Но, в совершенстве владея искусством маскировки темных сторон человеческой жизни, греческие художники ничуть не хуже умели скрывать от самих себя и от своих зрителей и безобразие смерти. И в вазовой живописи, и в скульптуре классической эпохи фигуры мертвых и умирающих людей, как правило, отличаются той же безупречной красотой и совершенством пропорций лица и тела, что и фигуры живых участников изображенного события. Художник или скульптор мог довольно точно передать мертвенное оцепенение тела погибшего героя, как мы это видим, например, на великолепном аттическом килике работы прославленного мастера Дуриса (начало V в. до н. э.), роспись которого изображает богиню утренней зари Эос с телом ее сына Мемнона, убитого Ахиллом в одном из последних сражений Троянской войны. При этом, однако, он старательно избегал всякого рода натуралистических деталей реальной картины смерти явно щадя нервы зрителей так же, как и их эстетическое чувство' которое, несомненно, было бы оскорблено физиологической точностью такого рода. Греческий мастер был твердо убежден в том, что человек во всех отношениях прекрасный (настоящий калос кагатос) должен оставаться таковым и в объятиях смерти, ибо достойным завершением прекрасно прожитой жизни может стать только не менее прекрасная смерть. Поэтому в сценах смерти в классическом греческом искусстве мы не найдем ничего отталкивающе безобразного или устрашающего. В них нет ни той хладнокровной варварской жестокости, которой отличаются изображения всевозможных расправ над побежденными, массовых казней и царских охот в древневосточном, особенно в ассирийском искусстве, ни того трагического надрыва, иногда доходящего до истерической взвинченности, который так поражает нас в таких прославленных скульптурных группах эпохи эллинизма как Лаокоон или Галл, убивающий свою жену и себя. Рядом с этими образцами почти барочной патетики даже такие трагически окрашенные произведения классической эпохи, как фигуры умирающих воинов с фронтонов эгинского храма Афины Афайи или сцена гибели царицы амазонок Пентесилеи на замечательном аттическом красно-фигурном килике первой половины V в. до н. э., кажутся исполненными умиротворенного спокойствия и светлой печали. Можно сказать, что в них отсутствует сам ужас смерти, преодоленный жизнеутверждающей силой бессмертной гармонии.
Если попробовать теперь кратко подытожить все эти наши наблюдения над основными особенностями классического греческого искусства, то его эстетическое своеобразие можно было бы, пожалуй, выразить такой формулой: «По своей природе это было, с одной стороны, не что иное, как жизнеподобие, ограниченное и урегулированное гармонией, с другой же — гармония, ограниченная жизнеподобием». Гармония и, прежде всего, ее главная составляющая — чувство меры, была тем скрытым «камертоном», который сдерживал греческого художника в его вечном стремлении к познанию жизни, заставлял избегать слишком сильных, граничащих с гротеском приемов художественной экспрессии,[148]

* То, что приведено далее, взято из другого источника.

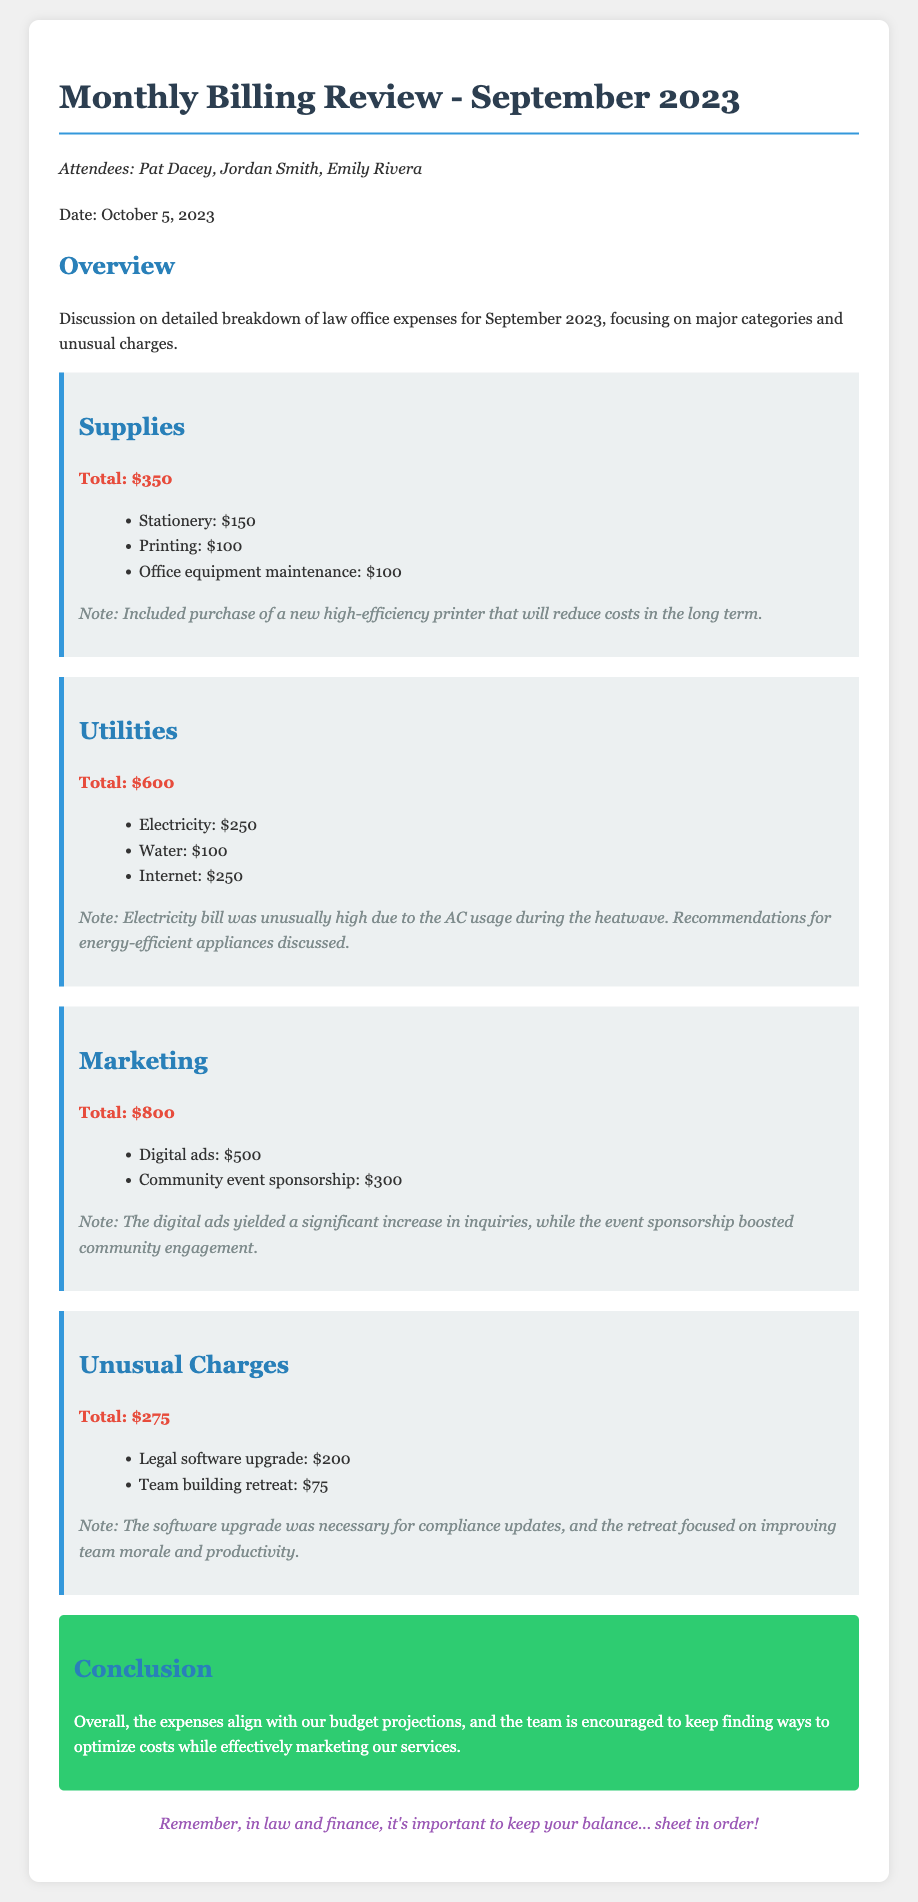What is the total expense for supplies? The total expense for supplies is mentioned as $350.
Answer: $350 What was the unusual expense related to legal software? The document notes that the legal software upgrade cost $200.
Answer: $200 Who attended the meeting? The attendees listed in the document are Pat Dacey, Jordan Smith, and Emily Rivera.
Answer: Pat Dacey, Jordan Smith, Emily Rivera What contributed to the high electricity cost? The document states that the high electricity bill was due to AC usage during the heatwave.
Answer: AC usage during the heatwave What is the total amount spent on marketing? The total expense for marketing is indicated as $800 in the document.
Answer: $800 How much was spent on the team-building retreat? The meeting minutes specify that the team building retreat cost $75.
Answer: $75 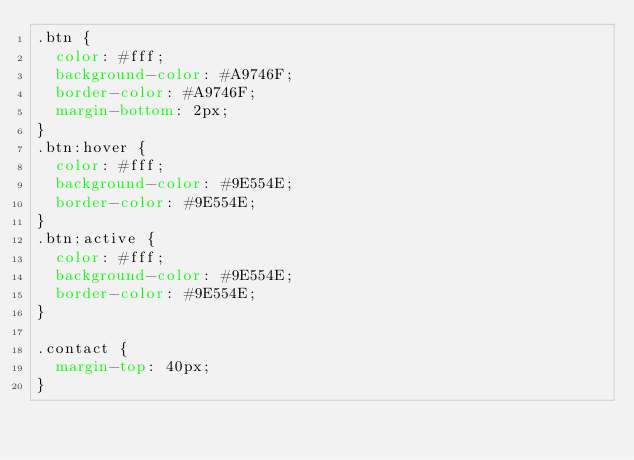Convert code to text. <code><loc_0><loc_0><loc_500><loc_500><_CSS_>.btn {
  color: #fff;
  background-color: #A9746F;
  border-color: #A9746F;
  margin-bottom: 2px;
}
.btn:hover {
  color: #fff;
  background-color: #9E554E;
  border-color: #9E554E;
}
.btn:active {
  color: #fff;
  background-color: #9E554E;
  border-color: #9E554E;
}

.contact {
  margin-top: 40px;
}</code> 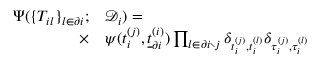<formula> <loc_0><loc_0><loc_500><loc_500>\begin{array} { r } { \begin{array} { r l } { \Psi ( \{ T _ { i l } \} _ { l \in \partial i } ; } & \mathcal { D } _ { i } ) = } \\ { \times } & \psi ( t _ { i } ^ { ( j ) } , \underline { t } _ { \partial i } ^ { ( i ) } ) \prod _ { l \in \partial i \ j } \delta _ { t _ { i } ^ { ( j ) } , t _ { i } ^ { ( l ) } } \delta _ { \tau _ { i } ^ { ( j ) } , \tau _ { i } ^ { ( l ) } } } \end{array} } \end{array}</formula> 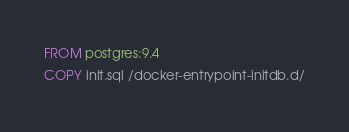<code> <loc_0><loc_0><loc_500><loc_500><_Dockerfile_>FROM postgres:9.4
COPY init.sql /docker-entrypoint-initdb.d/
</code> 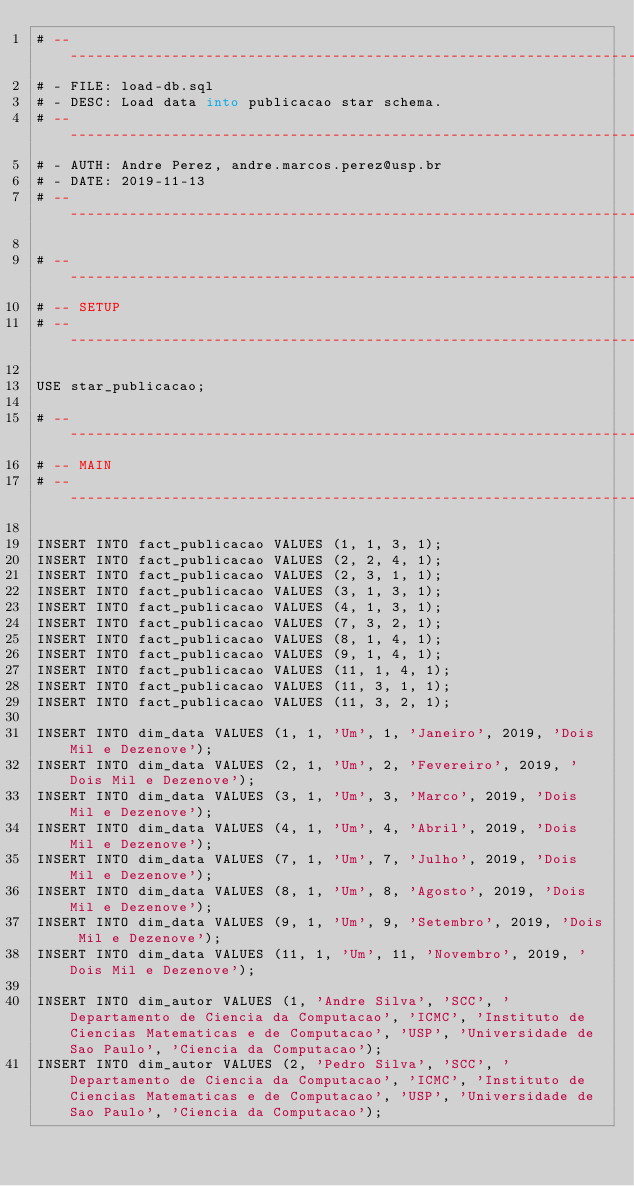Convert code to text. <code><loc_0><loc_0><loc_500><loc_500><_SQL_># ----------------------------------------------------------------------------
# - FILE: load-db.sql
# - DESC: Load data into publicacao star schema.
# ----------------------------------------------------------------------------
# - AUTH: Andre Perez, andre.marcos.perez@usp.br
# - DATE: 2019-11-13
# ----------------------------------------------------------------------------

# ----------------------------------------------------------------------------
# -- SETUP
# ----------------------------------------------------------------------------

USE star_publicacao;

# ----------------------------------------------------------------------------
# -- MAIN
# ----------------------------------------------------------------------------

INSERT INTO fact_publicacao VALUES (1, 1, 3, 1);
INSERT INTO fact_publicacao VALUES (2, 2, 4, 1);
INSERT INTO fact_publicacao VALUES (2, 3, 1, 1);
INSERT INTO fact_publicacao VALUES (3, 1, 3, 1);
INSERT INTO fact_publicacao VALUES (4, 1, 3, 1);
INSERT INTO fact_publicacao VALUES (7, 3, 2, 1);
INSERT INTO fact_publicacao VALUES (8, 1, 4, 1);
INSERT INTO fact_publicacao VALUES (9, 1, 4, 1);
INSERT INTO fact_publicacao VALUES (11, 1, 4, 1);
INSERT INTO fact_publicacao VALUES (11, 3, 1, 1);
INSERT INTO fact_publicacao VALUES (11, 3, 2, 1);

INSERT INTO dim_data VALUES (1, 1, 'Um', 1, 'Janeiro', 2019, 'Dois Mil e Dezenove');
INSERT INTO dim_data VALUES (2, 1, 'Um', 2, 'Fevereiro', 2019, 'Dois Mil e Dezenove');
INSERT INTO dim_data VALUES (3, 1, 'Um', 3, 'Marco', 2019, 'Dois Mil e Dezenove');
INSERT INTO dim_data VALUES (4, 1, 'Um', 4, 'Abril', 2019, 'Dois Mil e Dezenove');
INSERT INTO dim_data VALUES (7, 1, 'Um', 7, 'Julho', 2019, 'Dois Mil e Dezenove');
INSERT INTO dim_data VALUES (8, 1, 'Um', 8, 'Agosto', 2019, 'Dois Mil e Dezenove');
INSERT INTO dim_data VALUES (9, 1, 'Um', 9, 'Setembro', 2019, 'Dois Mil e Dezenove');
INSERT INTO dim_data VALUES (11, 1, 'Um', 11, 'Novembro', 2019, 'Dois Mil e Dezenove');

INSERT INTO dim_autor VALUES (1, 'Andre Silva', 'SCC', 'Departamento de Ciencia da Computacao', 'ICMC', 'Instituto de Ciencias Matematicas e de Computacao', 'USP', 'Universidade de Sao Paulo', 'Ciencia da Computacao');
INSERT INTO dim_autor VALUES (2, 'Pedro Silva', 'SCC', 'Departamento de Ciencia da Computacao', 'ICMC', 'Instituto de Ciencias Matematicas e de Computacao', 'USP', 'Universidade de Sao Paulo', 'Ciencia da Computacao');</code> 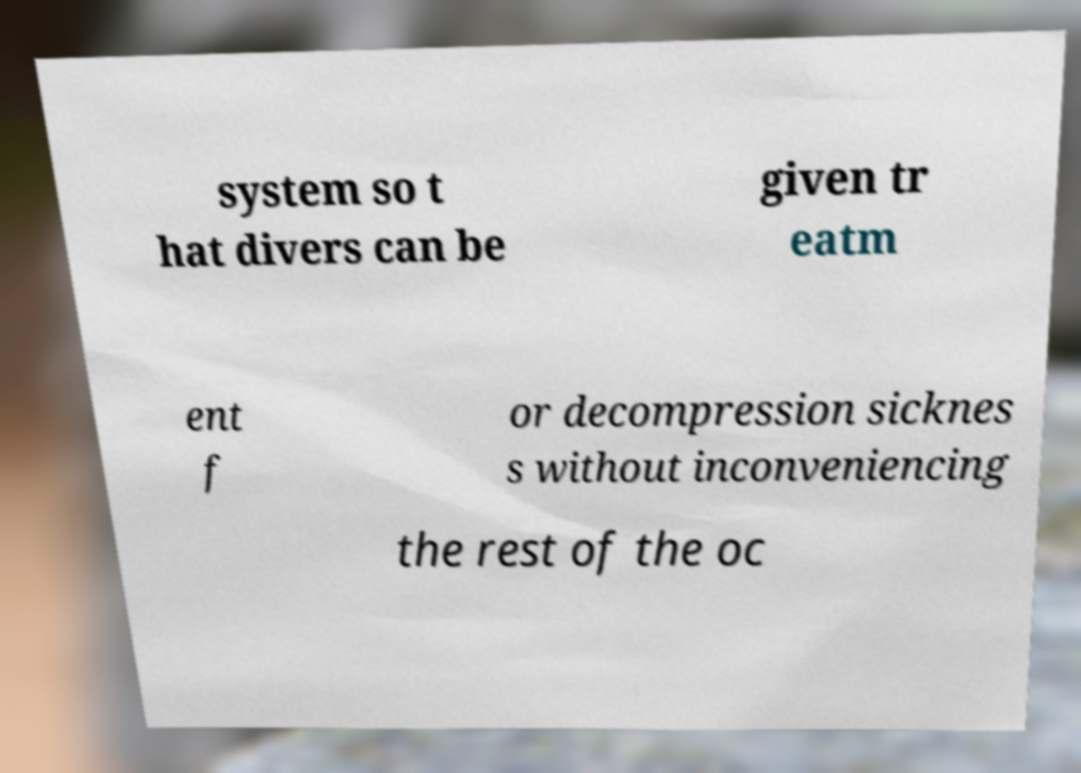I need the written content from this picture converted into text. Can you do that? system so t hat divers can be given tr eatm ent f or decompression sicknes s without inconveniencing the rest of the oc 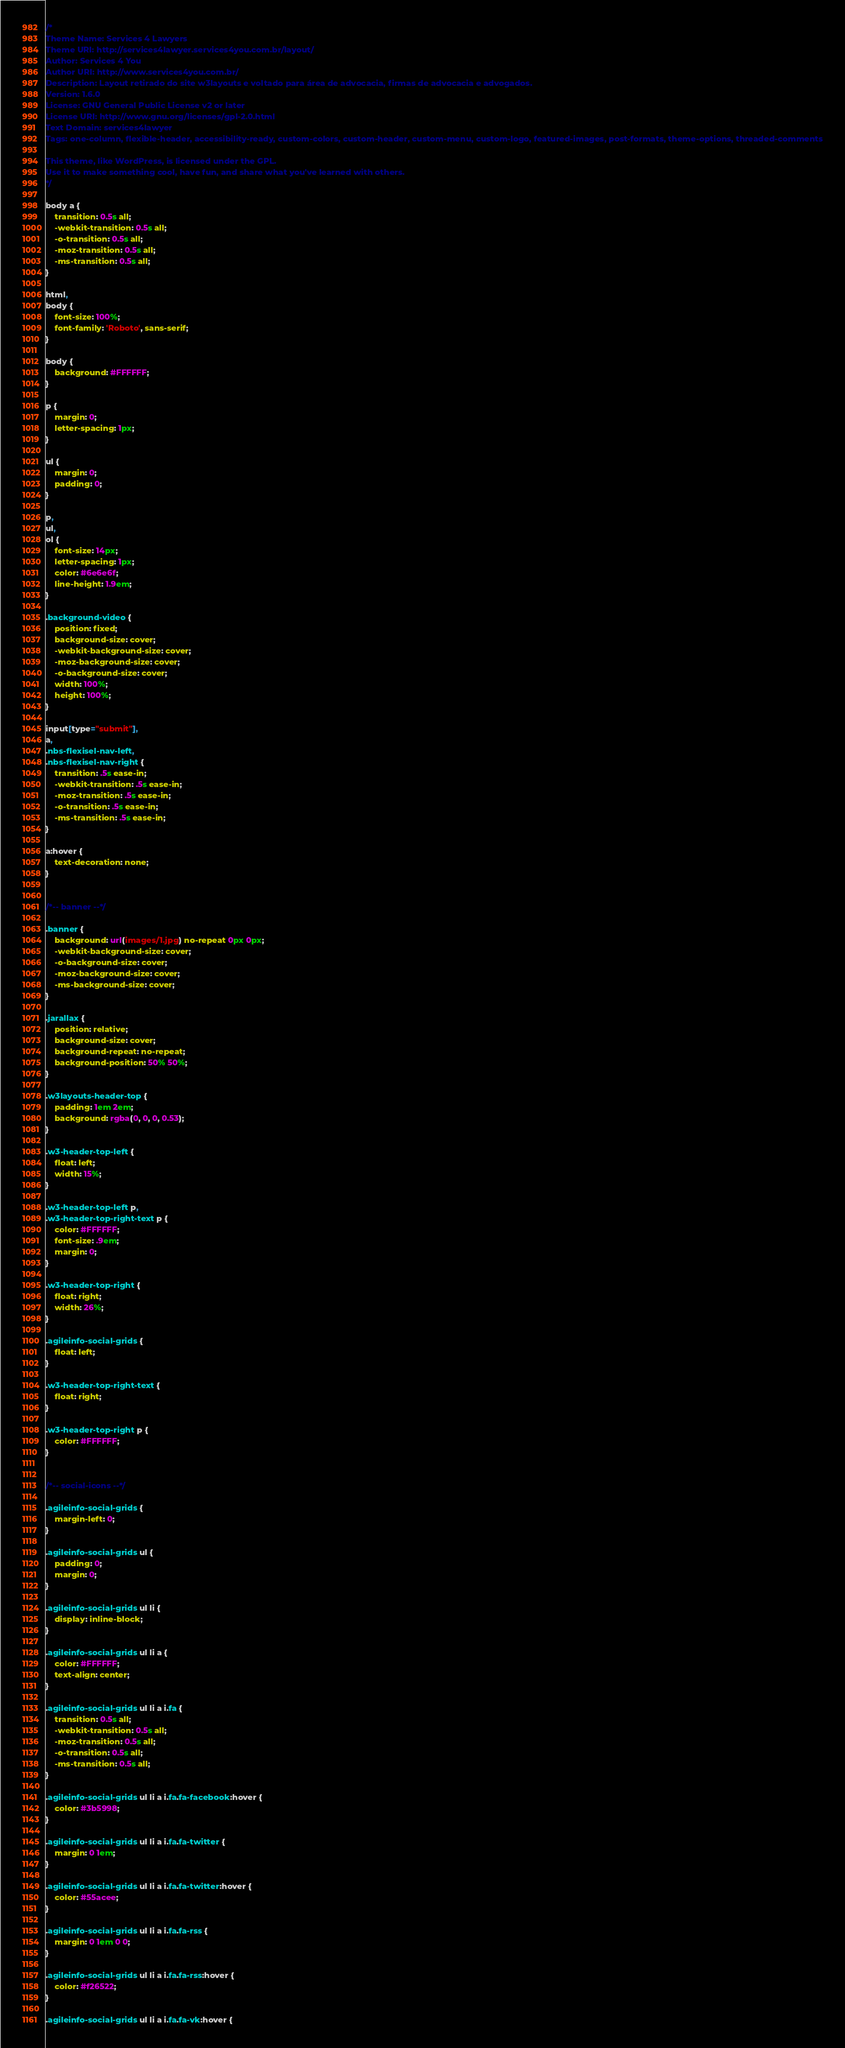<code> <loc_0><loc_0><loc_500><loc_500><_CSS_>/*
Theme Name: Services 4 Lawyers
Theme URI: http://services4lawyer.services4you.com.br/layout/
Author: Services 4 You
Author URI: http://www.services4you.com.br/
Description: Layout retirado do site w3layouts e voltado para área de advocacia, firmas de advocacia e advogados.
Version: 1.6.0
License: GNU General Public License v2 or later
License URI: http://www.gnu.org/licenses/gpl-2.0.html
Text Domain: services4lawyer
Tags: one-column, flexible-header, accessibility-ready, custom-colors, custom-header, custom-menu, custom-logo, featured-images, post-formats, theme-options, threaded-comments

This theme, like WordPress, is licensed under the GPL.
Use it to make something cool, have fun, and share what you've learned with others.
*/

body a {
	transition: 0.5s all;
	-webkit-transition: 0.5s all;
	-o-transition: 0.5s all;
	-moz-transition: 0.5s all;
	-ms-transition: 0.5s all;
}

html,
body {
	font-size: 100%;
	font-family: 'Roboto', sans-serif;
}

body {
	background: #FFFFFF;
}

p {
	margin: 0;
	letter-spacing: 1px;
}

ul {
	margin: 0;
	padding: 0;
}

p,
ul,
ol {
	font-size: 14px;
	letter-spacing: 1px;
	color: #6e6e6f;
	line-height: 1.9em;
}

.background-video {
	position: fixed;
	background-size: cover;
	-webkit-background-size: cover;
	-moz-background-size: cover;
	-o-background-size: cover;
	width: 100%;
	height: 100%;
}

input[type="submit"],
a,
.nbs-flexisel-nav-left,
.nbs-flexisel-nav-right {
	transition: .5s ease-in;
	-webkit-transition: .5s ease-in;
	-moz-transition: .5s ease-in;
	-o-transition: .5s ease-in;
	-ms-transition: .5s ease-in;
}

a:hover {
	text-decoration: none;
}


/*-- banner --*/

.banner {
	background: url(images/1.jpg) no-repeat 0px 0px;
	-webkit-background-size: cover;
	-o-background-size: cover;
	-moz-background-size: cover;
	-ms-background-size: cover;
}

.jarallax {
	position: relative;
	background-size: cover;
	background-repeat: no-repeat;
	background-position: 50% 50%;
}

.w3layouts-header-top {
	padding: 1em 2em;
	background: rgba(0, 0, 0, 0.53);
}

.w3-header-top-left {
	float: left;
	width: 15%;
}

.w3-header-top-left p,
.w3-header-top-right-text p {
	color: #FFFFFF;
	font-size: .9em;
	margin: 0;
}

.w3-header-top-right {
	float: right;
	width: 26%;
}

.agileinfo-social-grids {
	float: left;
}

.w3-header-top-right-text {
	float: right;
}

.w3-header-top-right p {
	color: #FFFFFF;
}


/*-- social-icons --*/

.agileinfo-social-grids {
	margin-left: 0;
}

.agileinfo-social-grids ul {
	padding: 0;
	margin: 0;
}

.agileinfo-social-grids ul li {
	display: inline-block;
}

.agileinfo-social-grids ul li a {
	color: #FFFFFF;
	text-align: center;
}

.agileinfo-social-grids ul li a i.fa {
	transition: 0.5s all;
	-webkit-transition: 0.5s all;
	-moz-transition: 0.5s all;
	-o-transition: 0.5s all;
	-ms-transition: 0.5s all;
}

.agileinfo-social-grids ul li a i.fa.fa-facebook:hover {
	color: #3b5998;
}

.agileinfo-social-grids ul li a i.fa.fa-twitter {
	margin: 0 1em;
}

.agileinfo-social-grids ul li a i.fa.fa-twitter:hover {
	color: #55acee;
}

.agileinfo-social-grids ul li a i.fa.fa-rss {
	margin: 0 1em 0 0;
}

.agileinfo-social-grids ul li a i.fa.fa-rss:hover {
	color: #f26522;
}

.agileinfo-social-grids ul li a i.fa.fa-vk:hover {</code>

удерживал от чрезмерной драматической напряженности отдельных фигур и целых композиций, от крайностей бурной эмоциональности или чересчур утонченного психологизма. Непреложный закон красоты, понимаемой прежде всего как очень точно сбалансированная система равновесия, соразмерности и структурной ясности пластических объемов или графических контуров, начисто исключал любые «вольности» такого рода и неумолимо требовал от художника обуздывания своих творческих порывов и отказа от слишком смелого экспериментирования с формами, линиями и цветом. Пресловутое бесстыдство плоти в греческом и вообще античном искусстве, так сильно смущавшее и вводившее во искушение добрых христиан, может показаться по-детски невинной и даже целомудренной забавой в сравнении с той предельно откровенной и поистине соблазнительной обнаженностью человеческого духа, с которой мы впервые сталкиваемся в эллинистическом, а затем римском скульптурном портрете и в таких во многом созвучных им образцах античной портретной живописи, как знаменитая фаюмская энкаустика. Во всех этих случаях слишком резко акцентированная психологическая экспрессия и натуральность облика портретируемого лица как бы взрывают изнутри художественную гармонию и почти совершенно сводят на нет дистанцию, отделяющую реальную жизнь от произведения искусства. Греческие художники классической эпохи всегда старались блюсти эту дистанцию и, может быть, именно по этой причине так поздно (едва ли ранее последних десятилетий V в. до н. э.) обратились к портретному жанру в собственном значении этого слова. При этом, как было уже сказано, они сумели избежать и другой крайности и не дали увлечь себя химерам и фантасмагориям беспредметного искусства, хотя испытанный ими соблазн абсолютного отказа от реальностей зримого мира и погружения в чистую гармонию абстрактных геометрических форм был весьма силен.